Why can't I properly store and reference a double pointer?

This code works:

#include <stdio.h>
#include <stdlib.h>
#include <string.h>

typedef struct _node{
    int nodeNumber;
    int weight;
}* Node;

int main(int argc, char **argv){
    Node nodeList = calloc(3, sizeof(struct _node));

    // Used for testing
    nodeList->nodeNumber = 9;
    printf("Node Number: %d\n", nodeList->nodeNumber);

    return 0;
}

but when I try making the struct a double pointer, and referencing like this:

#include <stdio.h>
#include <stdlib.h>
#include <string.h>

typedef struct _node{
        int nodeNumber;
        int weight;
}** Node;



int main(int argc, char **argv){
        Node nodeList = calloc(3, sizeof(struct _node));

        // Used for testing
        nodeList[0]->nodeNumber = 9;
        printf("Node Number: %d\n", nodeList[0]->nodeNumber);

        return 0;
}

My program runs for a second then crashes. No error or anything. I thought that referencing the struct with

nodeList[0]->nodeNumber = 9;

would work but apparently it does not.

Also I would like to note that I know creating a pointer or double pointer directly in the struct is usually considered bad practice but this is part of an assignment and the struct definition was given and must be used "as is". The ultimate goal is to make an array or linked lists. The linked lists part will be find as I think I understand that but this is the problem.

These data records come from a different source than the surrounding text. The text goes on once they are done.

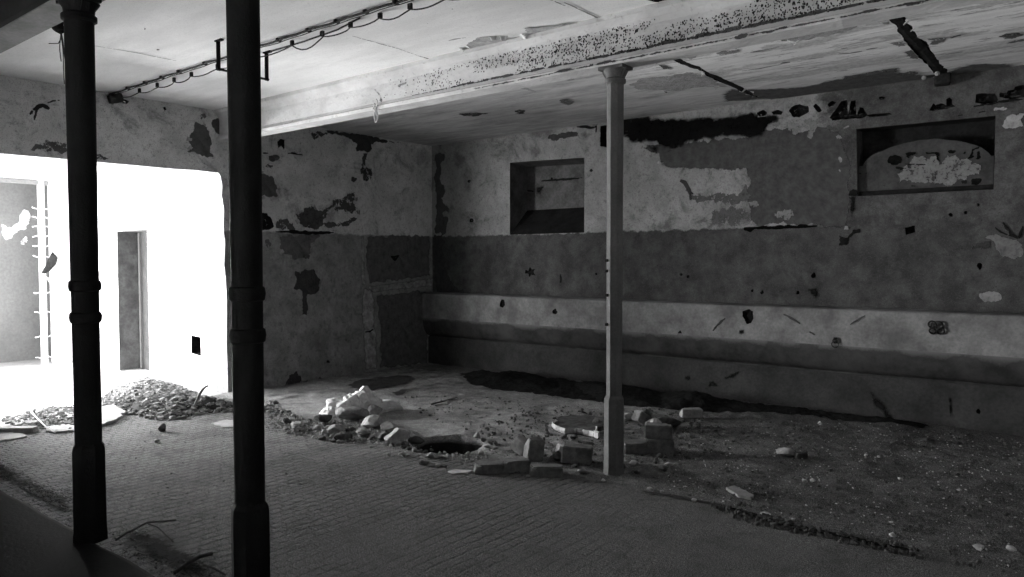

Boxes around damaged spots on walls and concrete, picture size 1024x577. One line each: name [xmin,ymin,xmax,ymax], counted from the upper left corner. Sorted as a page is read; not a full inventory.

peeling [780,26,857,45]
spalling [880,17,946,73]
peeling [975,85,1024,129]
peeling [31,140,67,154]
peeling [186,113,219,157]
peeling [642,100,891,230]
peeling [262,192,360,319]
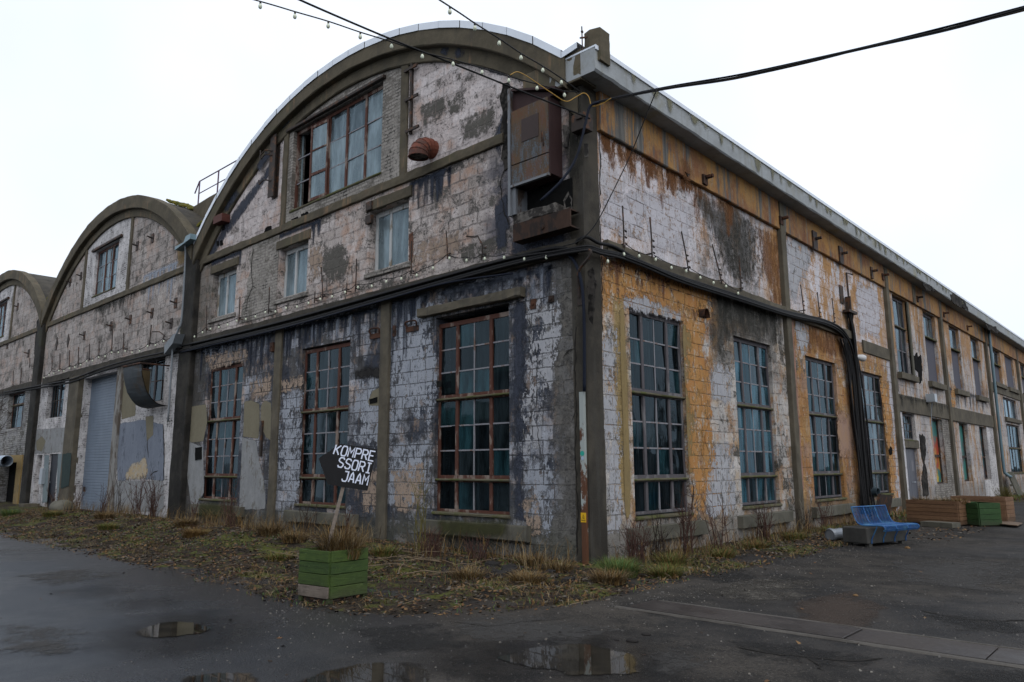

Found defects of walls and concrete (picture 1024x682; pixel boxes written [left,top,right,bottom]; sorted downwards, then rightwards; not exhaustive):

spalling [500,82,510,171]
leakage [410,166,451,205]
rust [600,134,704,222]
leakage [698,195,764,283]
peeling [125,457,148,480]
peeling [277,386,304,509]
peeling [352,301,439,506]
peeling [520,296,563,537]
peeling [706,439,736,519]
peeling [710,362,733,406]
rust [808,326,843,357]
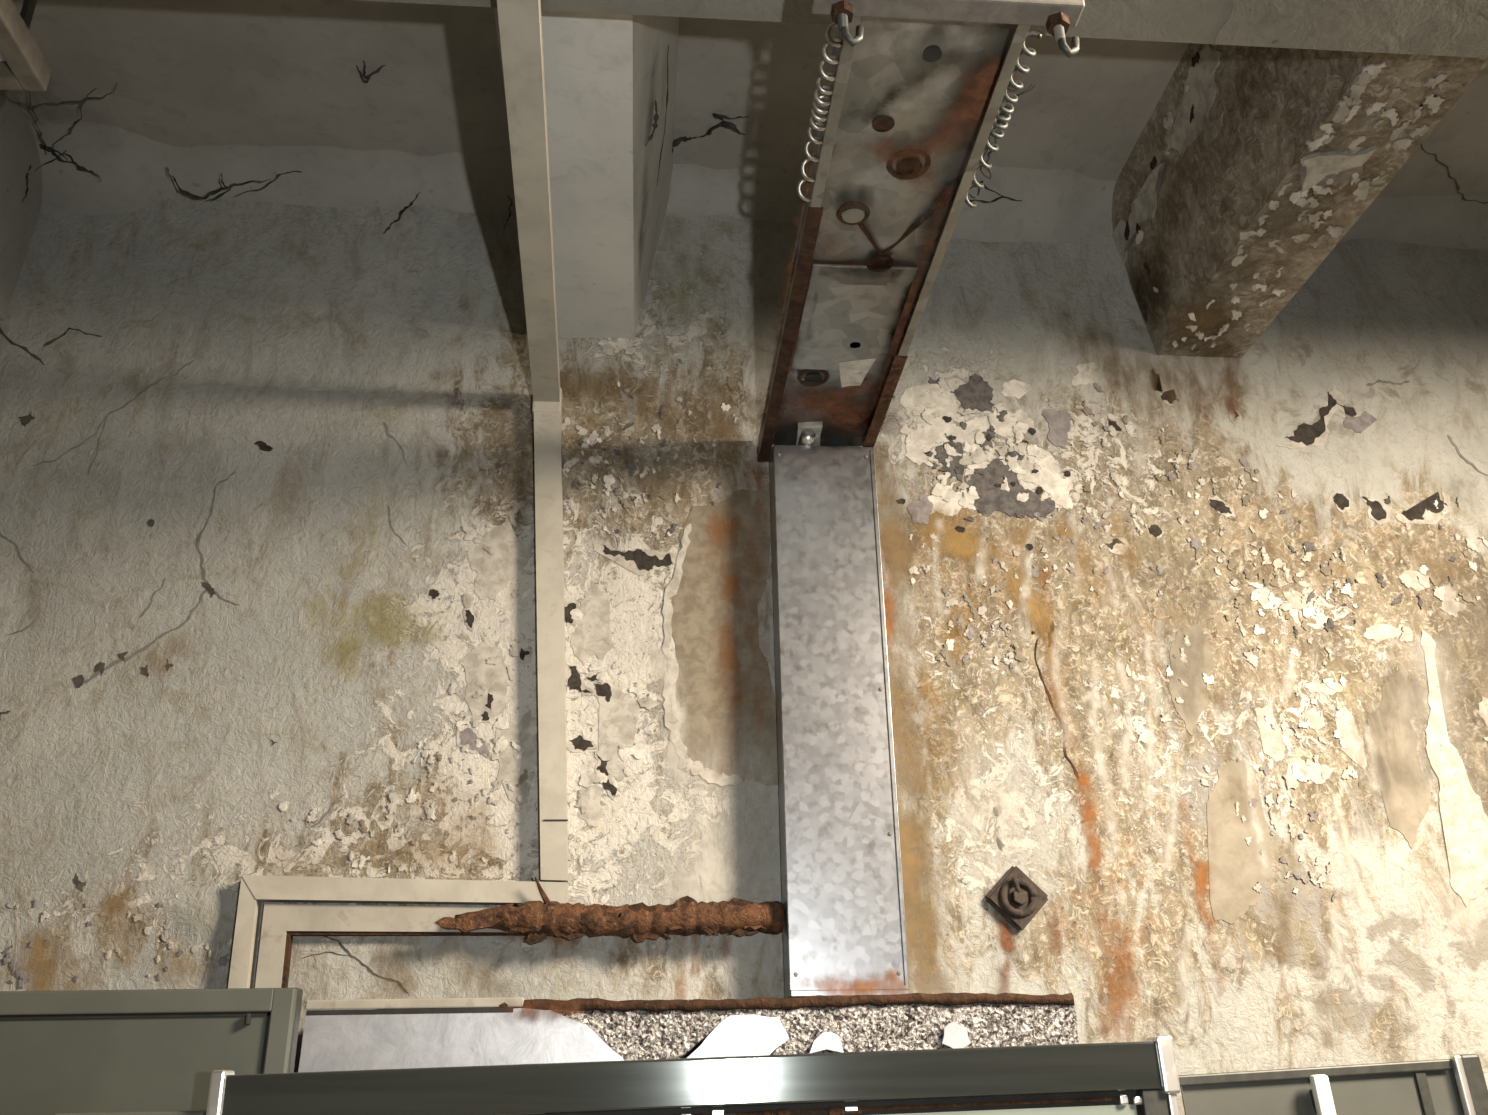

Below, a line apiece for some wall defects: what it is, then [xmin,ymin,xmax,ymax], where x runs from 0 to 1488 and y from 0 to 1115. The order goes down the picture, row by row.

peeling [1112,44,1223,292]
peeling [1172,61,1450,350]
peeling [721,376,738,425]
spalling [562,391,779,827]
leakage [677,826,746,903]
rust [492,445,1074,1018]
leakage [1022,557,1031,599]
rust [1079,775,1101,867]
leakage [1083,663,1105,776]
leakage [1117,661,1153,789]
peeling [892,362,1488,924]
leakage [1414,631,1488,922]
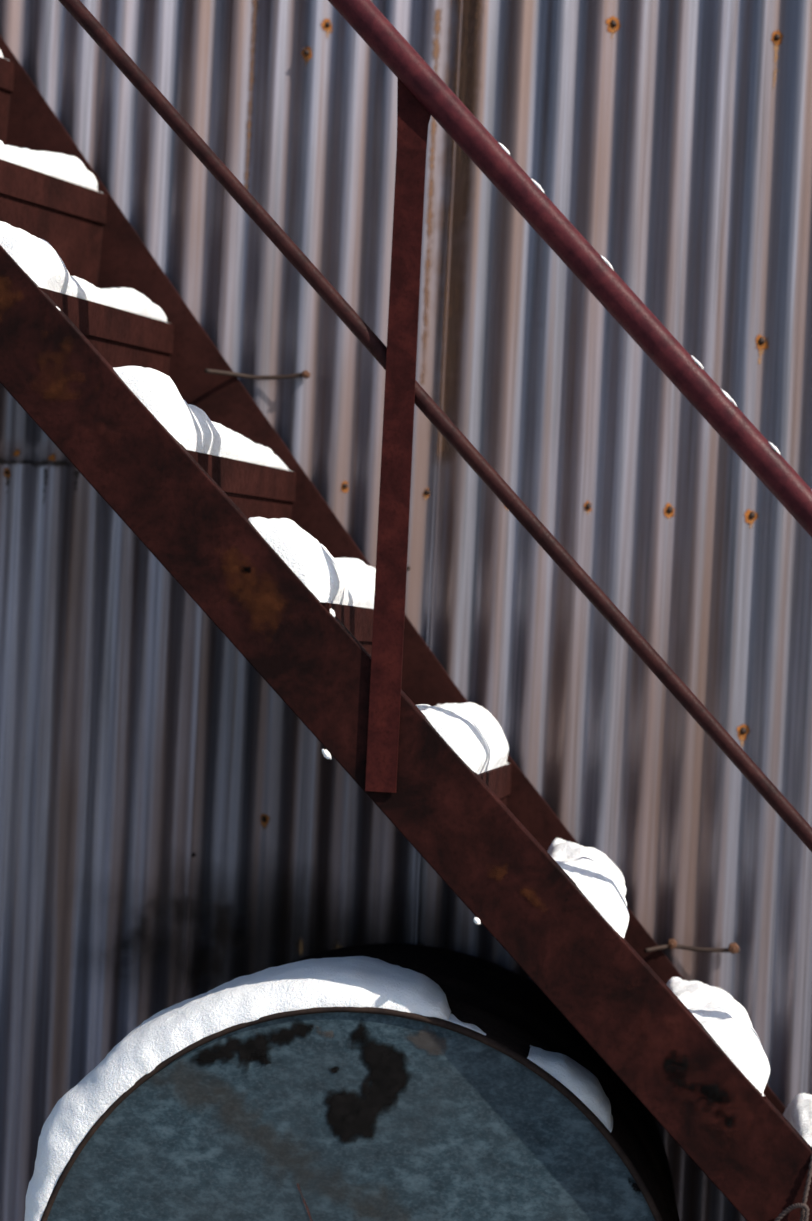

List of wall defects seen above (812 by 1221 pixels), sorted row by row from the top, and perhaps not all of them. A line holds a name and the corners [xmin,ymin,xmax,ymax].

------------------------------- EDIT ------------------------------------

I have changed my code to this:

#include <stdio.h>
#include <stdlib.h>
#include <string.h>

typedef struct _node{
        int nodeNumber;
        int weight;
}** Node;



int main(int argc, char **argv){
        Node nodeList = malloc(sizeof(struct _node *));

        // Used for testing
        nodeList[0]->nodeNumber = 9;
        printf("Node Number: %d\n", nodeList[0]->nodeNumber);

        return 0;
}

but my program is still crashing.

Answer 1

If you insist on using double pointers, then you should proceed as follows:

typedef struct _node{
    int nodeNumber;
    int weight;
} Node;

and in your function:

    Node **nodelist = malloc(3 * sizeof(Node *));
    for (int i=0; i<3; i++)
        nodelist[i]= calloc(1,sizeof(Node));

Note that I don't use pointers in the typedef because it is very confusing. Instead, I declare the nodelist as a double pointer.

---

So you professor insists on using a double pointer in the typedef (I suggest you tell your professor to visit stackoverflow.com....). Then proceed as follows:

typedef struct _node{
    int nodeNumber;
    int weight;
} **Node;

and in your function:

    Node nodelist = malloc(3 * sizeof(*nodelist));
    for (int i=0; i<3; i++)
        nodelist[i]= calloc(1,sizeof(*nodelist[i]));

Here I don't use the typename but the variable name to determine the size to allocate: the *nodelist dereferences the nodelist to a struct _node * and the *nodelist[i] dereferences that to the actual struct _node (note that the value of i is not important here; it is only used to indicate to the compler that an array element is intended).

People prefer it even to use the variable name instead of the type name so when in future the variable would refer to another type, the allocation changes automatically with it.